1 cup dry USA lentils, rinsed
2 cups water
1⁄2 pound lean ground beef
1 8-ounce can tomato sauce
1 teaspoon chili powder
1 teaspoon Tabasco sauce
1⁄2 cup picante sauce or salsa
1 cup water
Salt and freshly ground black pepper, to taste
2 to 3 green onions, chopped
1⁄2 cup chopped ripe olives
2 to 3 fresh green chili peppers, seeded and chopped, or 14-ounce can
1⁄2 packed cup shredded Cheddar cheese
1⁄2 packed cup shredded Monterey Jack or Mozzarella cheese
Nacho chips
Sour cream, guacamole, chopped olives, and chopped tomatoes

 

Method

In a medium saucepan, bring lentils and 2 cups water to a boil.

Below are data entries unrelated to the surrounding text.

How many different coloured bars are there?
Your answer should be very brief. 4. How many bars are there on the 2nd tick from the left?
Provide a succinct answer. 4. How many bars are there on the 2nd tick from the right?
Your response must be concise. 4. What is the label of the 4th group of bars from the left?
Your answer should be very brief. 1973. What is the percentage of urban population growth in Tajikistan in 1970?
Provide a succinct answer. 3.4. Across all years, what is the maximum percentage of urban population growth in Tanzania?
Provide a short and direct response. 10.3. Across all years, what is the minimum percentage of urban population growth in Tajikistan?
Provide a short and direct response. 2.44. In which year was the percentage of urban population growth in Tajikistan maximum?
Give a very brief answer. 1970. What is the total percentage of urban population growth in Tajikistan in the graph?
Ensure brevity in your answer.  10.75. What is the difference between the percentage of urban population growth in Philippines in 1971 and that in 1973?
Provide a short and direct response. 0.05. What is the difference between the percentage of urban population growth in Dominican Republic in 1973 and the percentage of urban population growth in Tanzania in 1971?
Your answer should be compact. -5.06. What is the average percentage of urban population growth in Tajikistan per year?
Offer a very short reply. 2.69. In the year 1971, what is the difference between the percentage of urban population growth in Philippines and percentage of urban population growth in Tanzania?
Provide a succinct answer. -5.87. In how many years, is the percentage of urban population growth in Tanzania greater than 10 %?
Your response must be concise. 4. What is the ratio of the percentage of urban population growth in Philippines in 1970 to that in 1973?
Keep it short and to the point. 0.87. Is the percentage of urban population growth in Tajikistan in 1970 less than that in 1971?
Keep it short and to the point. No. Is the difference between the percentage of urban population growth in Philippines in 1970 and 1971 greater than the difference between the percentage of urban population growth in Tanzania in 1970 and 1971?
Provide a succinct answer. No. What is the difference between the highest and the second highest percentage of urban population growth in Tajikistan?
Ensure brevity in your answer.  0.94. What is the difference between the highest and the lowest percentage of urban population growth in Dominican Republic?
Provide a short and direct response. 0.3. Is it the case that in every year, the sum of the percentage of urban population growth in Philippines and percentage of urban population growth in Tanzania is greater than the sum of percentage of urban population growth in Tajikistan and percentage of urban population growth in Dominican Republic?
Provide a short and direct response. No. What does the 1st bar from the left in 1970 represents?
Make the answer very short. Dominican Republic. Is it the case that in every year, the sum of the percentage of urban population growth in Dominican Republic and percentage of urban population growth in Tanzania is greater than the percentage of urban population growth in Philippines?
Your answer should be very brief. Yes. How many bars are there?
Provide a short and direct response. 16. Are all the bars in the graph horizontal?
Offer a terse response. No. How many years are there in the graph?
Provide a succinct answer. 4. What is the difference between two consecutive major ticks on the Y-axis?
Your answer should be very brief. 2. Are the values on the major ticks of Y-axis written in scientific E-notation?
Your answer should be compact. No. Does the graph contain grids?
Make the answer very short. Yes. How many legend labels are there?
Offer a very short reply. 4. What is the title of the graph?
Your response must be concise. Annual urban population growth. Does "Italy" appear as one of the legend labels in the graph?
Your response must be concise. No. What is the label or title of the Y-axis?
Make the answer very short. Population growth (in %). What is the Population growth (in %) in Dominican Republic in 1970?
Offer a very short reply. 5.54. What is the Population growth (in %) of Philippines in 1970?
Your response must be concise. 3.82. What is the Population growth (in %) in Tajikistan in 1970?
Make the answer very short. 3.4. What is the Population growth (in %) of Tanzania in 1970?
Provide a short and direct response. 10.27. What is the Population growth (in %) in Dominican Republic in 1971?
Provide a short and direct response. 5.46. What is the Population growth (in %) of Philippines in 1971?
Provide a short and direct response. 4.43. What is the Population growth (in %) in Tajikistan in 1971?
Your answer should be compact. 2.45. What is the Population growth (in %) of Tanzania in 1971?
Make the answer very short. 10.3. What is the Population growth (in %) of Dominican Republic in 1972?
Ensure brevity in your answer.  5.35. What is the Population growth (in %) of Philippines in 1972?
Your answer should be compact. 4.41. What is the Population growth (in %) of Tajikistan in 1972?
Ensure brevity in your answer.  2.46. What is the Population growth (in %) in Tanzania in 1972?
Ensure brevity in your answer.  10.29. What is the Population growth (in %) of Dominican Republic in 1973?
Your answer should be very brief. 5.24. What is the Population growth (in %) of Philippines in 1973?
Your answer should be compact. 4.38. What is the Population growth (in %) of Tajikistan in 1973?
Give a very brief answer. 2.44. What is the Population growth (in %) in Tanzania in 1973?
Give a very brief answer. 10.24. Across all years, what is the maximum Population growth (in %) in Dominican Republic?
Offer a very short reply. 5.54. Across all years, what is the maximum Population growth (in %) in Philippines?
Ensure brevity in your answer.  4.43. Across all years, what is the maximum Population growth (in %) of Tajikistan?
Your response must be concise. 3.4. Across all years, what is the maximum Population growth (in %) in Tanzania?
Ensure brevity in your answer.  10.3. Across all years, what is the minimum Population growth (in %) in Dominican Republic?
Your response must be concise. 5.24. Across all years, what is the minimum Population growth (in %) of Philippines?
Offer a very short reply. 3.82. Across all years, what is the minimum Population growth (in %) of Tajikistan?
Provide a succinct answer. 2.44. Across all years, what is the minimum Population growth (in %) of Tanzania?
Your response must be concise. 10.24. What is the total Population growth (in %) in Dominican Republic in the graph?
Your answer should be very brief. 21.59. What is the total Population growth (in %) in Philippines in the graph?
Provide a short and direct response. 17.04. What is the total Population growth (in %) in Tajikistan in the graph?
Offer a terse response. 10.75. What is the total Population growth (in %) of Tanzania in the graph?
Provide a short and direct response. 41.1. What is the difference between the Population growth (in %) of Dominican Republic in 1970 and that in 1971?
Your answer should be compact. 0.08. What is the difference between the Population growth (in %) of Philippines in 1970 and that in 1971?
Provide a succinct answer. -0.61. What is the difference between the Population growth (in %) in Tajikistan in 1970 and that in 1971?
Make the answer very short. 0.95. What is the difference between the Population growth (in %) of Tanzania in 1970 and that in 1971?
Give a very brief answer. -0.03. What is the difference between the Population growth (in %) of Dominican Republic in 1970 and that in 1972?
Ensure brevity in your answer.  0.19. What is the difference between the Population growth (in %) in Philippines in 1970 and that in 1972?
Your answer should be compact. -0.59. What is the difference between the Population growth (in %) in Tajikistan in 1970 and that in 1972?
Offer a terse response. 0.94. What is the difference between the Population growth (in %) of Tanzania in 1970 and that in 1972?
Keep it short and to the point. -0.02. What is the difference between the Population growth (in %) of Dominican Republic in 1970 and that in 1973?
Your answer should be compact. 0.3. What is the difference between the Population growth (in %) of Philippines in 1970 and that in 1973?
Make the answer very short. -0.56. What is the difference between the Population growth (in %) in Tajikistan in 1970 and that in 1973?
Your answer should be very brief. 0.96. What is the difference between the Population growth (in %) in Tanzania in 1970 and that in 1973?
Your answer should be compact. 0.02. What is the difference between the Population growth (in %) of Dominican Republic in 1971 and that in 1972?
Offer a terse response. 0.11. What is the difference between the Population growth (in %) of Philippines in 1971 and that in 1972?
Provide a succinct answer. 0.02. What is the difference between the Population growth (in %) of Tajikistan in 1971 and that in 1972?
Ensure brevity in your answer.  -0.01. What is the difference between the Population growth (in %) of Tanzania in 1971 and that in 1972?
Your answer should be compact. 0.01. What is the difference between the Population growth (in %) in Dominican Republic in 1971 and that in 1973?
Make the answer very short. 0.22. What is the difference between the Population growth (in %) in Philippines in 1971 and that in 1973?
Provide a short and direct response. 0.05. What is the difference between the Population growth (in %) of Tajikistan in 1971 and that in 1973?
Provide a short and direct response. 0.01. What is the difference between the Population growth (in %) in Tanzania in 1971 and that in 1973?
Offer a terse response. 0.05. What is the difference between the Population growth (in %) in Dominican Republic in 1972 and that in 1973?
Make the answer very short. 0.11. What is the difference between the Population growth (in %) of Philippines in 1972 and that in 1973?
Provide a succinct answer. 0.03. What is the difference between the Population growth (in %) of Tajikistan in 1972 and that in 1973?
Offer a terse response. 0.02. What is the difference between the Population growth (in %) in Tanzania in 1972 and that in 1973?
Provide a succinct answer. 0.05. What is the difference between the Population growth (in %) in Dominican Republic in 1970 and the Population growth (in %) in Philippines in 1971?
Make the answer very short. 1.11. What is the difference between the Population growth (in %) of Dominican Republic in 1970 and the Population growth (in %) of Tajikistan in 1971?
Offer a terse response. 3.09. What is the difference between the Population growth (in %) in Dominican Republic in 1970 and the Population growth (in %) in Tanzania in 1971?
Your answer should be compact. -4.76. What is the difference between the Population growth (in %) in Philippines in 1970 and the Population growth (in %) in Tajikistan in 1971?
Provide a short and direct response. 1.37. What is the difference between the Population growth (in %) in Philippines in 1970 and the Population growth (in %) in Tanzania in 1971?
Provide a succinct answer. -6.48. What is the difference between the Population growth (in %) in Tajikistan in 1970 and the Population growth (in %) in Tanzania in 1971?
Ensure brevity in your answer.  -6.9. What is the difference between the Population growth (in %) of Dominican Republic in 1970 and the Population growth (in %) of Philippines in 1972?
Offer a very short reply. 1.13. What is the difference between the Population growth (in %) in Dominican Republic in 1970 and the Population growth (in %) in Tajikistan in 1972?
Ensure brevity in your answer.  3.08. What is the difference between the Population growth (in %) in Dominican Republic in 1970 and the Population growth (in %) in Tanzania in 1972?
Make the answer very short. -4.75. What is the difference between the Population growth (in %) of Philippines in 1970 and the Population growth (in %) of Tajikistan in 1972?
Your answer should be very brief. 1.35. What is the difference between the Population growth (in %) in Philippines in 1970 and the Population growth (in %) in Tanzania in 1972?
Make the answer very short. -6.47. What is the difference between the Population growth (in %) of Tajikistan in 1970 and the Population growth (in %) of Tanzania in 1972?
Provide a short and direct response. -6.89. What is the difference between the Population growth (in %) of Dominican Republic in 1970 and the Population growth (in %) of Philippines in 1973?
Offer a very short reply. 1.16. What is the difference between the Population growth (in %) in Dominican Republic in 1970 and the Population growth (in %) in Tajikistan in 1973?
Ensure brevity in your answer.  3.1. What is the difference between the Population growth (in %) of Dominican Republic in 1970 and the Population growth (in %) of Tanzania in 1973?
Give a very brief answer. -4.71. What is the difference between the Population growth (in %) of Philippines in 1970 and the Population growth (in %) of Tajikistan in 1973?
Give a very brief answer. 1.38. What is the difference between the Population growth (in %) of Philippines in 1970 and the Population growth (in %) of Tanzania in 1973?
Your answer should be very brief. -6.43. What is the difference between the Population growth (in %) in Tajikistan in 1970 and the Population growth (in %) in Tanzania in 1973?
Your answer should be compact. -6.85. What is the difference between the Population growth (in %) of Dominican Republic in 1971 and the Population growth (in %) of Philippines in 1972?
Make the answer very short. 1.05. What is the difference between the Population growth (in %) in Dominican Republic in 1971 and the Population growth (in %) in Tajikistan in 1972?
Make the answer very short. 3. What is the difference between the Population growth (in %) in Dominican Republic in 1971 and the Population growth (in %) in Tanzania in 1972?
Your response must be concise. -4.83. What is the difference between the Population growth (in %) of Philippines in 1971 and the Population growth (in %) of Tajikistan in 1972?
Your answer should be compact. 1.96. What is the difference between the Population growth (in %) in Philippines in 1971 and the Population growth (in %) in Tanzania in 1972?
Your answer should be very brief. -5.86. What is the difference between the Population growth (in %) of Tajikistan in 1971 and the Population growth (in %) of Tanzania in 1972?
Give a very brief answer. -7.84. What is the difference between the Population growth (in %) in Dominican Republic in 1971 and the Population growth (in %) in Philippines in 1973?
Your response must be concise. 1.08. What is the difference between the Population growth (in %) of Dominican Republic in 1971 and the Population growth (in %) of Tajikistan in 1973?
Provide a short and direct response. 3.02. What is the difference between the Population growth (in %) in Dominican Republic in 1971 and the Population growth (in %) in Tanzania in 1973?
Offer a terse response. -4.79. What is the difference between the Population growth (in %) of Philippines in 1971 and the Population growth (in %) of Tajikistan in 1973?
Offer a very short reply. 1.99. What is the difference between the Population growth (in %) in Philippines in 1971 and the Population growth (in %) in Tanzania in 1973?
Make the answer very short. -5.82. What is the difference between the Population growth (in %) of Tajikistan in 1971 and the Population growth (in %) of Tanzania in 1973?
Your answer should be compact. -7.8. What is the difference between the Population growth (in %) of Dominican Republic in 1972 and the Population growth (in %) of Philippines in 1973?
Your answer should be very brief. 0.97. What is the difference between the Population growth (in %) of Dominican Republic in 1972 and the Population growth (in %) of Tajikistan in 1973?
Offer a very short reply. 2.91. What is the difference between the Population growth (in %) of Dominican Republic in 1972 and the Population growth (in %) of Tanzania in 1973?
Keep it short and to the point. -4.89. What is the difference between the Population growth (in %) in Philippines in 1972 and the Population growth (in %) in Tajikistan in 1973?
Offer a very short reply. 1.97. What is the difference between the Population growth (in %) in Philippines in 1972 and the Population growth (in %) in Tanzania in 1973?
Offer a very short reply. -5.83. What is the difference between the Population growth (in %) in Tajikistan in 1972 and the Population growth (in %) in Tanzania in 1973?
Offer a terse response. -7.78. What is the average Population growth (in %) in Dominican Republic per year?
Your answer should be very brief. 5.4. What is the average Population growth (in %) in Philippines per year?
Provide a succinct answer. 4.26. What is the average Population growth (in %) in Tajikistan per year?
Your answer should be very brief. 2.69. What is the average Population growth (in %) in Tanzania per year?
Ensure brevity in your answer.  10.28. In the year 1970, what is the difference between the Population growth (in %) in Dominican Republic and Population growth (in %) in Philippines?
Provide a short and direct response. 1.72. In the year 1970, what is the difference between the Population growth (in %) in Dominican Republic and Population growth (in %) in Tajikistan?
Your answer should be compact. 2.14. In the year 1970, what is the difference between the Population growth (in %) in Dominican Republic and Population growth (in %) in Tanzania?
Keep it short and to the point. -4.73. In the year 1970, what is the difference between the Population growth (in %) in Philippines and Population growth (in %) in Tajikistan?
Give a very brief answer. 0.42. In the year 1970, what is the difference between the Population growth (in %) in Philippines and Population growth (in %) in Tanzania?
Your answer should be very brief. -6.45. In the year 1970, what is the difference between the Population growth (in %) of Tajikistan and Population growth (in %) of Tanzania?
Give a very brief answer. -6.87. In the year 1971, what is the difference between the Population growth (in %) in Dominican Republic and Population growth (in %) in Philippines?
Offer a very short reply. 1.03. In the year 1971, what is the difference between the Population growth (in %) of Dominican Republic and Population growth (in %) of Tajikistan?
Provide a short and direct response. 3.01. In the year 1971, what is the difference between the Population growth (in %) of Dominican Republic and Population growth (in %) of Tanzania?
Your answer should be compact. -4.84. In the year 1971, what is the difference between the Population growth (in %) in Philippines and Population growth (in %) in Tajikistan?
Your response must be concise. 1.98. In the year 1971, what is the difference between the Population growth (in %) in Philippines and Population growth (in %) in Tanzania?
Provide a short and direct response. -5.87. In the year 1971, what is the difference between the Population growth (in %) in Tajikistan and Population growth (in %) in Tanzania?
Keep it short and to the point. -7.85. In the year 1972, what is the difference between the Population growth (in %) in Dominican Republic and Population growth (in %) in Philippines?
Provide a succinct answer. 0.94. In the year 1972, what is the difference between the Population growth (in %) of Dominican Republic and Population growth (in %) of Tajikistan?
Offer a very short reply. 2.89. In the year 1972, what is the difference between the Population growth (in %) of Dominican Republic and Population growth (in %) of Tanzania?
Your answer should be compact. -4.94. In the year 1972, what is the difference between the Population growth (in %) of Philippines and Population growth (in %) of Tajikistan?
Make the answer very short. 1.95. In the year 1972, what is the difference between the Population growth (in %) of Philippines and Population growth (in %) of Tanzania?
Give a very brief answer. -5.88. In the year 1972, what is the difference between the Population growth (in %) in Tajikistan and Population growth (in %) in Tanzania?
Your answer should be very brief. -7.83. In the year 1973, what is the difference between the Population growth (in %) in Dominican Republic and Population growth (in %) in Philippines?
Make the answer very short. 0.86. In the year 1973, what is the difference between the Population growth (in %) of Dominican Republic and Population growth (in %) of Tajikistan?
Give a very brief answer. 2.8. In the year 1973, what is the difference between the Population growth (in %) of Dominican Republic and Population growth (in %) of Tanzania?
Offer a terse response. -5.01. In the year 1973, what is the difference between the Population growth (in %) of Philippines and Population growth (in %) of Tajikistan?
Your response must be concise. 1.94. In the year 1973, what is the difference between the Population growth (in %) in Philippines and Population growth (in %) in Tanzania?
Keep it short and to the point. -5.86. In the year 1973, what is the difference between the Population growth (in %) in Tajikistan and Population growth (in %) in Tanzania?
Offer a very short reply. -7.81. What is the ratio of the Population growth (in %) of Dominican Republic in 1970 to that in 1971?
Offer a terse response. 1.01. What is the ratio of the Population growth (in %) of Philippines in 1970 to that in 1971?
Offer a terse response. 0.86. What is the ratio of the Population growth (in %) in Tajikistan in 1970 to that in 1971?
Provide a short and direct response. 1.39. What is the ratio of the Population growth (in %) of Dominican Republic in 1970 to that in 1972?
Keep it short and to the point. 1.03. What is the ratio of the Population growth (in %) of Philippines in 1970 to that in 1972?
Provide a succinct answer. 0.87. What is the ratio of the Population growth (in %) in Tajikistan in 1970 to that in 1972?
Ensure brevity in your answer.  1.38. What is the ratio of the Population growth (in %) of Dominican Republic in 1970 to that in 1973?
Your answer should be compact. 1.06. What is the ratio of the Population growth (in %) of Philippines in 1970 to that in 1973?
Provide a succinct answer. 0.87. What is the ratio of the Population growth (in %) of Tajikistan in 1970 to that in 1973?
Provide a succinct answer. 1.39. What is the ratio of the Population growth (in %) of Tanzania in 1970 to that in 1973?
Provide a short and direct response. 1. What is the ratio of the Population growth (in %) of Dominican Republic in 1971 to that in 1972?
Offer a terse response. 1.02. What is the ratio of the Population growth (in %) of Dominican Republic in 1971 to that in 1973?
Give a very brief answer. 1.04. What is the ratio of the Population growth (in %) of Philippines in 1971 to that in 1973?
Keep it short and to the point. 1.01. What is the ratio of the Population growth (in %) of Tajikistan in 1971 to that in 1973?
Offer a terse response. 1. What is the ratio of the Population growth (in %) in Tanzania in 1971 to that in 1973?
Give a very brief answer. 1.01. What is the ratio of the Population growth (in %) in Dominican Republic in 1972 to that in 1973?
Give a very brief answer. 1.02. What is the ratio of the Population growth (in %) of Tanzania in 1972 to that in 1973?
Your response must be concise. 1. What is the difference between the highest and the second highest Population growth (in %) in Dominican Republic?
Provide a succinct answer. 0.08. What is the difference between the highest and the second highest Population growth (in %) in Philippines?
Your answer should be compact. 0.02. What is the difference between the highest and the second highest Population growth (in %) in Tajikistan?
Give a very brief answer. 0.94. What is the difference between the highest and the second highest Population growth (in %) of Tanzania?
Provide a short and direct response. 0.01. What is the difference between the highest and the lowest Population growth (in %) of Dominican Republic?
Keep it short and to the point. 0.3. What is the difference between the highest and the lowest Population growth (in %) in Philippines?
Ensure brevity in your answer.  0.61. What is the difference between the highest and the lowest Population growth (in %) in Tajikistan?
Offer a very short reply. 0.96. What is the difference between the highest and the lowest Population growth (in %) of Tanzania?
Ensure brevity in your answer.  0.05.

Reduce heat, cover, and simmer 30 minutes, or until lentils are tender. Drain.

Preheat oven to 350°F.

In large frying pan, brown ground beef. Drain off excess fat. Add tomato sauce, chili powder, Tabasco, picante sauce, and one cup water. Stir over medium heat until the sauce is slightly thickened. Stir in the drained lentils. Season with salt and pepper to taste.

Place in a 9-inch pie pan or 8-inch square baking dish. Top with green onions, olives, green chilies, and shredded cheeses. Heat in the oven for 10 to 12 minutes.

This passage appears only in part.